In the end, God spent lots of time teaching me about the riches of heaven. I was amazed to see how rich I was in heaven because my father’s house lack nothing and all the precious gems can be found there. But, I also had to learn to come to terms with the fact that, being financially prosperous down here on earth, was not the goal at all. This does not mean that God cannot and will not make us rich financially because God give wealth to those He wants to. But, I also learned that I have no rights to tempt Him, or hold Him accountable because of His word. Most of all, I had to learn to be content with whatever decision He made about my life because failing to learn that, meant that I made salvation about me when in reality it is about God.
As I was learning at His feet, He drew my attention to Paul, who was given a thorn in the flesh in 2 Corinthians 12:7 “So to keep me from becoming conceited because of the surpassing greatness of the revelations, a thorn was given me in the flesh, a messenger of Satan to harass me, to keep me from becoming conceited.” I had a hard time wrapping my head around it. God was patient and waited for me to understand and believe. My reasoning was “how on earth that God felt Paul would become conceited when in reality he lost it all to follow Christ. If you recall, Paul was a high profile man and well connected. Why then, losing it all to follow Christ could cause him to become conceited? Worse than that, why did he actually believe there was a reason for him to be conceited too? As God took me on the path of revelation and I started experiencing Him left, right and center, day in day out. I understood too. I had to learn to come to terms with the fact that I might be one of the richest people that exist on this earth. Even bigger than those who make the Forbes list. In fact, I know I am. But it means nothing to man. I also understood why Paul needed to be kept from being conceited, because when God reveals Himself to you so much, as a mere human, you do need to be kept humble for your own sake.
In Him, there is a richer life. None of us Christians, have the rights to seek for riches down here, when in reality we have not even scratched the surface of what salvation means to God, “not to us”. Focusing on money and earthly wealth can only take our focus off God because where your treasure is, there your heart will be also.

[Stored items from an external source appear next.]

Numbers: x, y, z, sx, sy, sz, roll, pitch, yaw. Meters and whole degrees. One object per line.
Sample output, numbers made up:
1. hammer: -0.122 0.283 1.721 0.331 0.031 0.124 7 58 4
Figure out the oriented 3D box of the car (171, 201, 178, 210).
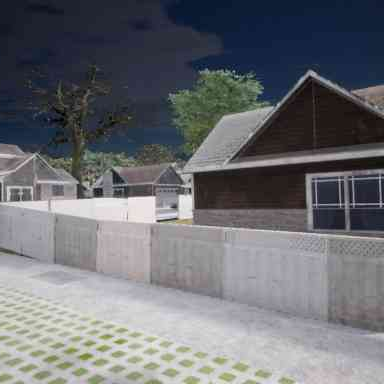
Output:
1. car: -0.491 1.267 36.989 1.994 1.385 4.181 -3 -1 36
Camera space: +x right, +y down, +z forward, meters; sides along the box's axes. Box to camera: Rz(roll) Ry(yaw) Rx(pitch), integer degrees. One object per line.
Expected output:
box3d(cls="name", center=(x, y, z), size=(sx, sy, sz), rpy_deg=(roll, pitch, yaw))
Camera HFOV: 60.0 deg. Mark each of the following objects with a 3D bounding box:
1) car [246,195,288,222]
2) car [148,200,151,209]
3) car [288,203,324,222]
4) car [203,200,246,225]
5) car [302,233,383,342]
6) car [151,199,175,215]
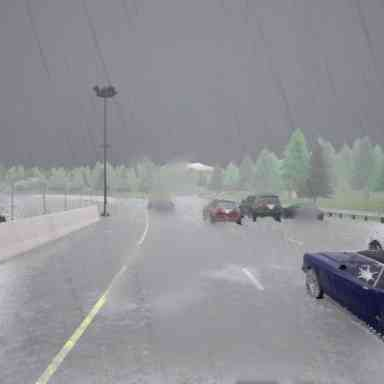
box3d(cls="car", center=(5.349, 1.221, 26.545), size=(2.150, 2.045, 5.566), rpy_deg=(0, 0, -7))
box3d(cls="car", center=(-4.731, 1.601, 43.847), size=(1.895, 1.301, 4.718), rpy_deg=(0, 0, -13))
box3d(cls="car", center=(8.823, 1.564, 26.846), size=(1.994, 1.385, 4.181), rpy_deg=(0, 0, -7))
box3d(cls="car", center=(2.084, 1.352, 24.185), size=(2.097, 1.767, 4.553), rpy_deg=(0, 0, -6))
box3d(cls="car", center=(3.464, 1.601, 5.486), size=(1.895, 1.301, 4.718), rpy_deg=(0, 0, -1))
box3d(cls="car", center=(-2.939, 1.478, 34.582), size=(1.882, 1.535, 5.008), rpy_deg=(0, 0, -10))
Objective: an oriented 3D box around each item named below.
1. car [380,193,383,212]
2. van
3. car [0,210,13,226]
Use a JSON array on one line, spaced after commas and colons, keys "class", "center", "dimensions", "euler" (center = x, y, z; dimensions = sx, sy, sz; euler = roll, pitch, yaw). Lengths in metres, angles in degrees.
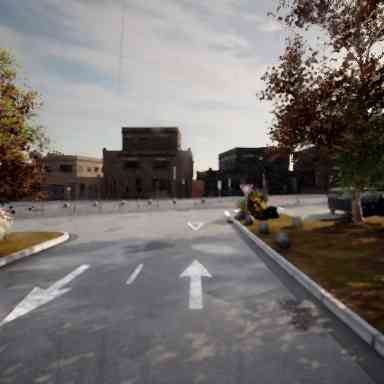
[{"class": "car", "center": [14.039, 0.796, 23.779], "dimensions": [2.163, 1.488, 4.792], "euler": [-3, 1, 2]}, {"class": "van", "center": [11.262, 0.673, 24.006], "dimensions": [1.878, 1.987, 4.442], "euler": [-3, 1, 2]}, {"class": "car", "center": [-12.886, 1.345, 19.050], "dimensions": [4.553, 1.767, 2.097], "euler": [-1, 2, -21]}]
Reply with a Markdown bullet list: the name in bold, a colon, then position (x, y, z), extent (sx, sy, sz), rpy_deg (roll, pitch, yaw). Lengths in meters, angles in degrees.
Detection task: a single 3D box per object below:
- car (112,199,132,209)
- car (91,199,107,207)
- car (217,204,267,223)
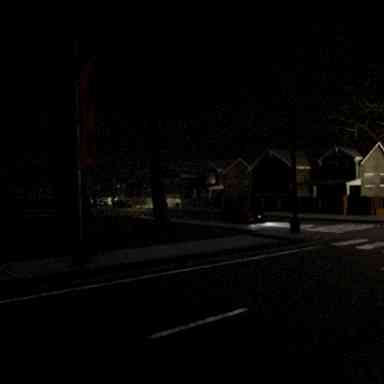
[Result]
- **car**: position (-11.047, 1.825, 52.217), extent (2.128, 1.511, 4.902), rpy_deg (-2, 0, -34)
- **car**: position (-17.060, 2.028, 60.720), extent (1.994, 1.385, 4.181), rpy_deg (-2, 0, -35)
- **car**: position (3.828, 1.631, 26.022), extent (1.994, 1.385, 4.181), rpy_deg (-2, 0, -34)
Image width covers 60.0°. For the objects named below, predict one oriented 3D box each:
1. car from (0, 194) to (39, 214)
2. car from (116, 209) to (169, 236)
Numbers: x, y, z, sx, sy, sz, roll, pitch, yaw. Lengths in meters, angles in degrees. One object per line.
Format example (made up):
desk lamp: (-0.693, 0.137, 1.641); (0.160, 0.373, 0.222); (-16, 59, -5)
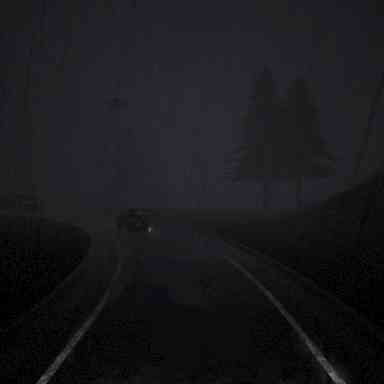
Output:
car: (-18.246, 1.171, 34.307); (5.566, 2.045, 2.150); (0, 0, 28)
car: (-2.897, 1.567, 18.358); (1.895, 1.301, 4.718); (0, 0, -23)
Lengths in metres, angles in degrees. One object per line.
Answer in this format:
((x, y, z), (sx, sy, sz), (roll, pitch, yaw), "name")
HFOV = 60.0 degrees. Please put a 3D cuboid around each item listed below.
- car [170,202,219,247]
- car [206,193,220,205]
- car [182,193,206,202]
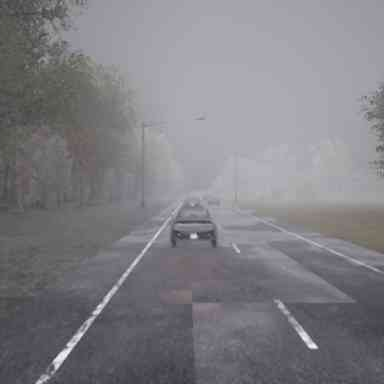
((0.069, 1.433, 14.736), (2.128, 1.511, 4.902), (0, 0, 0), "car")
((3.500, 1.351, 54.995), (1.994, 1.385, 4.181), (0, 0, 0), "car")
((0.036, 1.220, 33.360), (2.097, 1.767, 4.553), (0, 0, 0), "car")
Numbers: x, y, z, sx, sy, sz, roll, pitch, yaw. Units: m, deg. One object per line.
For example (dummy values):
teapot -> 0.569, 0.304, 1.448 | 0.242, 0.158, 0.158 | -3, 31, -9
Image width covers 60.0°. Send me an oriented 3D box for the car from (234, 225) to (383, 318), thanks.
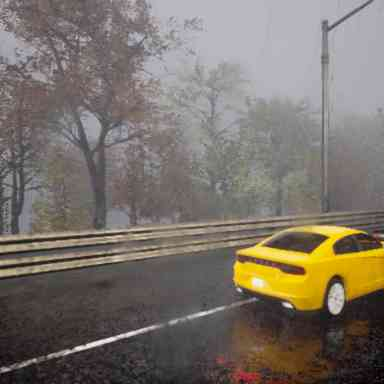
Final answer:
car -> 3.191, 1.506, 7.590 | 5.008, 1.535, 1.882 | 0, 0, -37
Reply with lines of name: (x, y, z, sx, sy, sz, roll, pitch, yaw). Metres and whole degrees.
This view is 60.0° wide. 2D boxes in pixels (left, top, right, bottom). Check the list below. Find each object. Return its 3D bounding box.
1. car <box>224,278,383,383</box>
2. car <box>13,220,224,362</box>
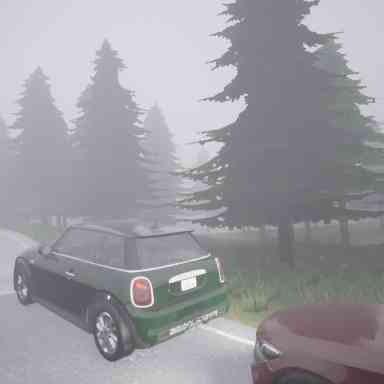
car: (2.756, 1.532, 2.592, 4.674, 1.442, 1.812, 1, 0, 36)
car: (-1.577, 1.309, 6.208, 4.553, 1.767, 2.097, 1, 1, 44)
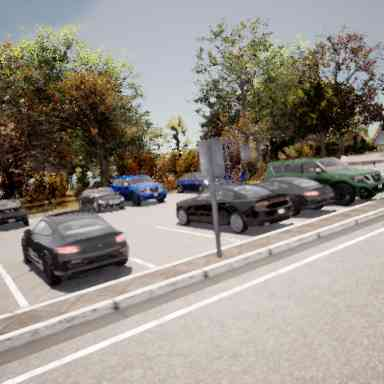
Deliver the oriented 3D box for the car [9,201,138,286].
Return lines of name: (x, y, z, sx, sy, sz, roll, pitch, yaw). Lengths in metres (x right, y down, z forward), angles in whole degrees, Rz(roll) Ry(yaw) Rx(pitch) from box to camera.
car: (-3.261, 1.241, 8.876, 2.002, 1.452, 4.674, -9, 6, -35)

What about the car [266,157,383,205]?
car: (5.803, -0.572, 15.389, 2.435, 2.045, 5.566, -10, 6, -35)

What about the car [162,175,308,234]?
car: (1.276, 0.442, 12.149, 2.097, 1.535, 5.008, -10, 6, -35)

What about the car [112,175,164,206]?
car: (-3.999, -0.169, 23.820, 2.435, 2.045, 5.566, -10, 6, -35)

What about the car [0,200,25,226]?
car: (-10.688, 1.205, 19.014, 2.231, 1.521, 4.892, -10, 6, -35)

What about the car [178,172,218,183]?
car: (0.677, -0.835, 27.154, 2.185, 1.767, 4.553, -9, 5, -36)

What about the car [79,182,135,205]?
car: (-6.160, 0.445, 22.302, 2.231, 1.521, 4.892, -10, 6, -35)

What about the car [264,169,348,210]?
car: (3.550, 0.099, 13.794, 2.002, 1.452, 4.674, -10, 6, -35)

Do you want to know who you are and where your treasure is? Well, spend time, retrace yourself and see what occupies your mind the most during the day. Is it your portfolio? Your career? Your family? Your ministry? Some of you might say to me, well it is good to think about things like family and ministry all day long. Well, having been through it all, whatever occupies your mind is your first god, your idol, your master and your first love. God’s place has been usurped and you get it all backwards.
No matter what you are going through right now, His grace will always be sufficient to see you through whatever life’s circumstances you are in. Each trial we go through, is an opportunity to exchange it for a crown of glory in heaven. So, allow Him to transform you through the pain and suffering and you will see a depth of His grace and glory that is mind boggling. God cannot reveal to you what you are not ready to take in yet.